Подключился Родин, начал соображать, расспрашивать Травкина: какие значки стояли в правом верхнем углу схем, какие в левом нижнем? Подхватил идею Воронцов, процитировал статью 76-ю Уголовного кодекса и комментарии к ней, а они указывают, что преступными могут быть признаны не только действия, причинившие реальный вред, но и те, в результате которых тайна вышла из-под контроля лица, которому была доверена, и могла («...м о г л а!..» — явственно выговаривая каждую букву, сказал Воронцов) стать достоянием посторонних лиц. Рузаева, Липскина и Шарапова к ним не отнесешь, но Василия Васильевича и иже с ним...
Напрягли память и вспомнили: Казинец дважды отпрашивался на 4-ю, в последний раз — на воскресенье, 18 июля. Там и передал схемы кому-то из этой троицы, установить — проще пареной репы: заглянуть в полетные листы спецрейсов. В среду схемы были уже в НИИ Зыкина, где три кита радиоэлектроники сварганили заключение и вместе со схемами передали его Василию Васильевичу. Надо спешить: Шарапов — тертый калач, в понедельник или вторник схемы заберет, если уже не забрал и не летит с ними на полигон.
— Не летит, — сказал Травкин. — Я узнавал. Он толкнул дверцу, выбрался из «Волги», чтоб не стеснять помощников.

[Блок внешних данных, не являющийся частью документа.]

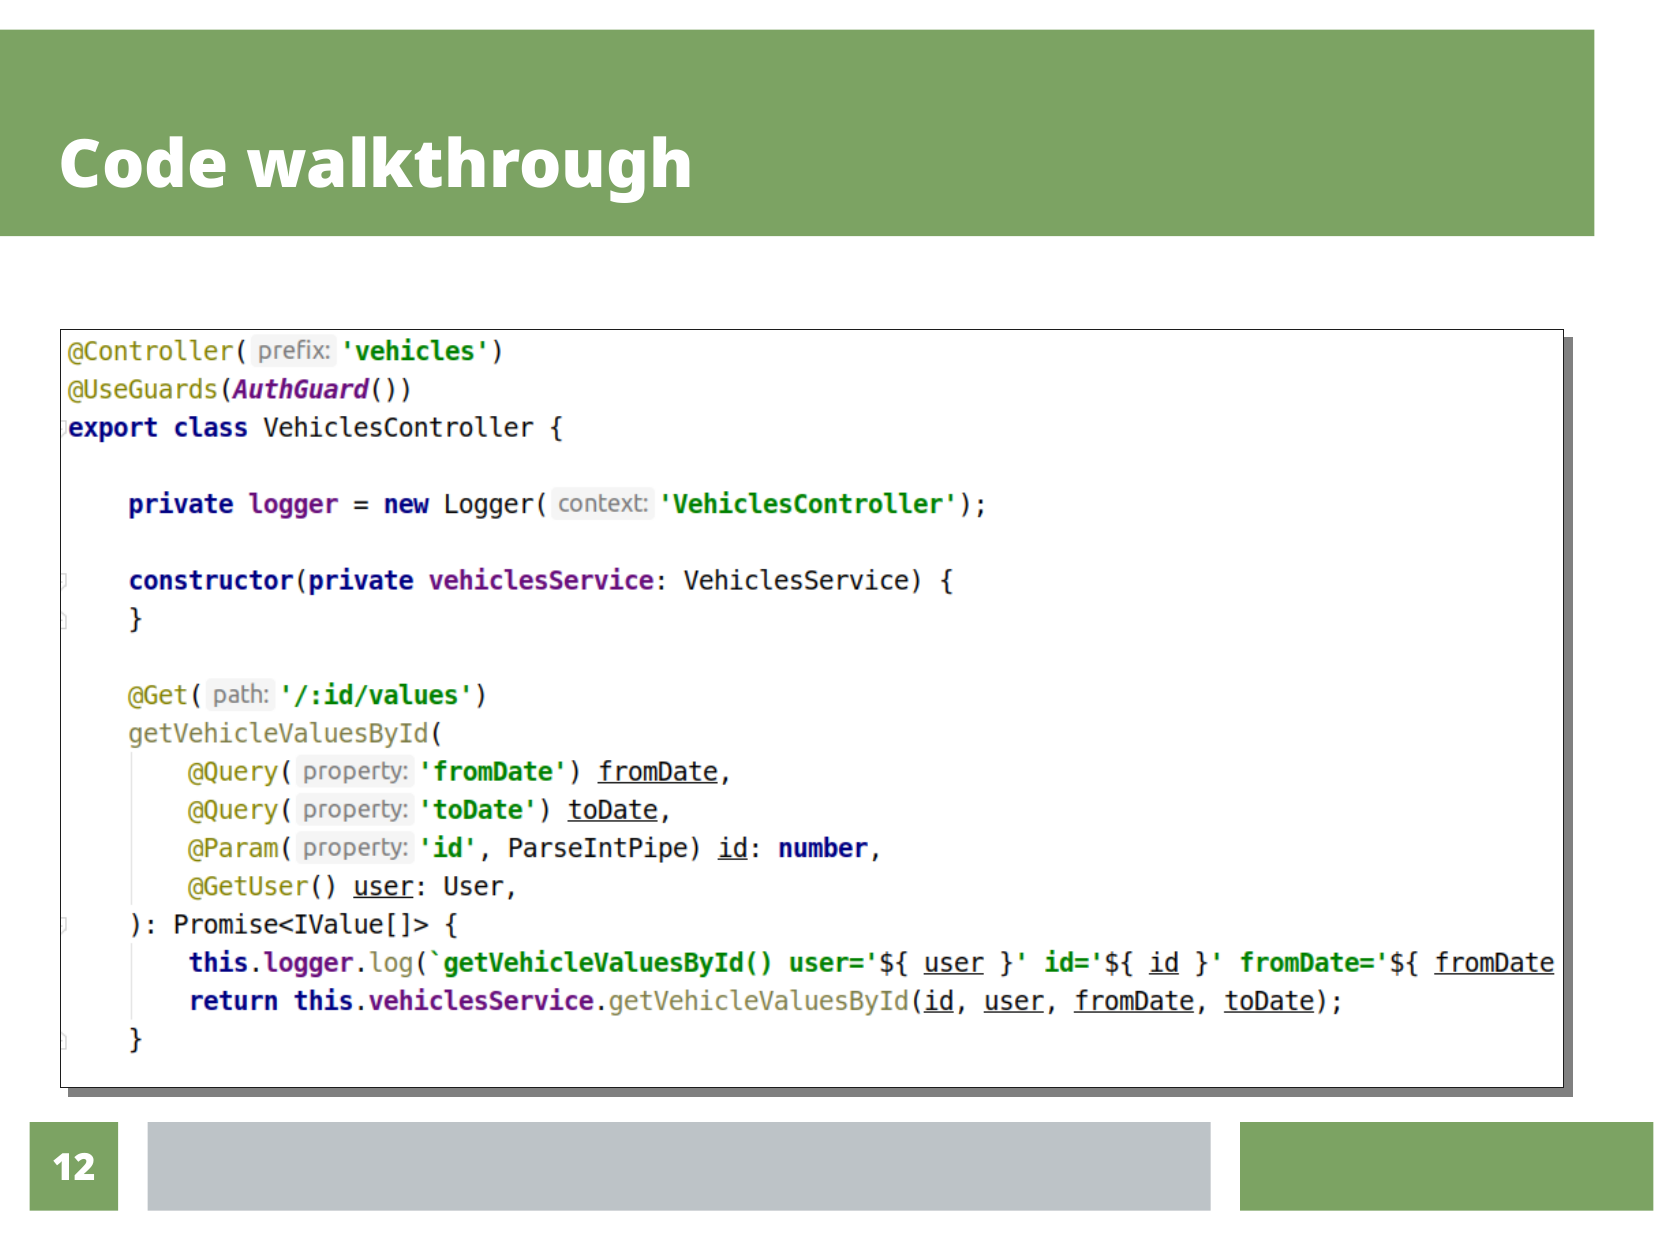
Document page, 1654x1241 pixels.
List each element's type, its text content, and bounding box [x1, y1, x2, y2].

picture [60, 329, 1564, 1088]
title Code walkthrough [59, 59, 1595, 207]

— Не туда смотрите, — дал совет. — Казинец — фигура необходимая, но недостаточная. Думайте. Я погуляю.
Они позвали его через полчаса. Все, кажется, было ими обдумано. Родин заливался довольным хохотком, Воронцов пополнял свой список. Включенная рация оповестила о том, что объект выпил два стакана газировки, причем без сиропа.
— Мы сейчас летим в Алма-Ату, — сказал Воронцов, подводя итоги, — а вам надо сидеть дома, транспорт я организую. — Он свистом подозвал милиционера и залпом выложил Травкину последние производственные новости: монтажка заваливает июльский план и три «Дона» передала 5-му отделу, а сдача «Немана» приостановлена телефонограммой завода-изготовителя.
48
В три утра был он дома и рухнул на кровать — так устал, так измотался за сутки. И по дороге к дому, и во сне, тревожном и ярком, и в монтажке, куда приехал после обеда, он представлял себе, как работают Родин и Воронцов, и все, на полигоне происходившее, телефоном сообщаемое в Москву, совпадало с тем, что виделось во сне и рисовалось воображением.
Еще до полудня по-полигонному Родин и Воронцов оказались на 4-й. Вошли в домик Травкина, отдышались, искупались, полежали на солнышке, и Родин на «газике» поехал на 35-ю, по пути сообщая встречным и попутным об интересных новостях с пляжа. Тем же занялся и Воронцов, обзванивая площадки. Разрабатывая весь этот спектакль, они уводили себя в тень, они топали за кулисами, изображая погоню, и перевирали реплики, сидя в суфлерской будке. Не прошло и часу, как в домик пожаловали особисты: поступил сигнал об утере документа, содержащего военную и государственную тайну, и документ этот — был или есть на «Долине». Отрицавший подобную возможность Воронцов посадил особистов в «Волгу» и привез их на 35-ю. Как раз — обеденный перерыв, все портфели инженеры сдали в спецчасть, там же, на «Долине». Комнату вскрыли, портфели тоже. Отсутствие двух схем в портфеле Казинца обнаружили. «Удовлетворительных объяснений дать не мог...» — так, наверное, отстучали в Москву телетайпом. Но выплыла фамилия: Шарапов, начальник 52-й лаборатории, приказавший Казинцу передать схемы — «для ознакомления разработчика с изменениями, внесенными в них». Передача произошла в воскресенье 18 июля. Случай не редкий, грозящий Казинцу и Шарапову строгим выговором и временным отстранением от полигона.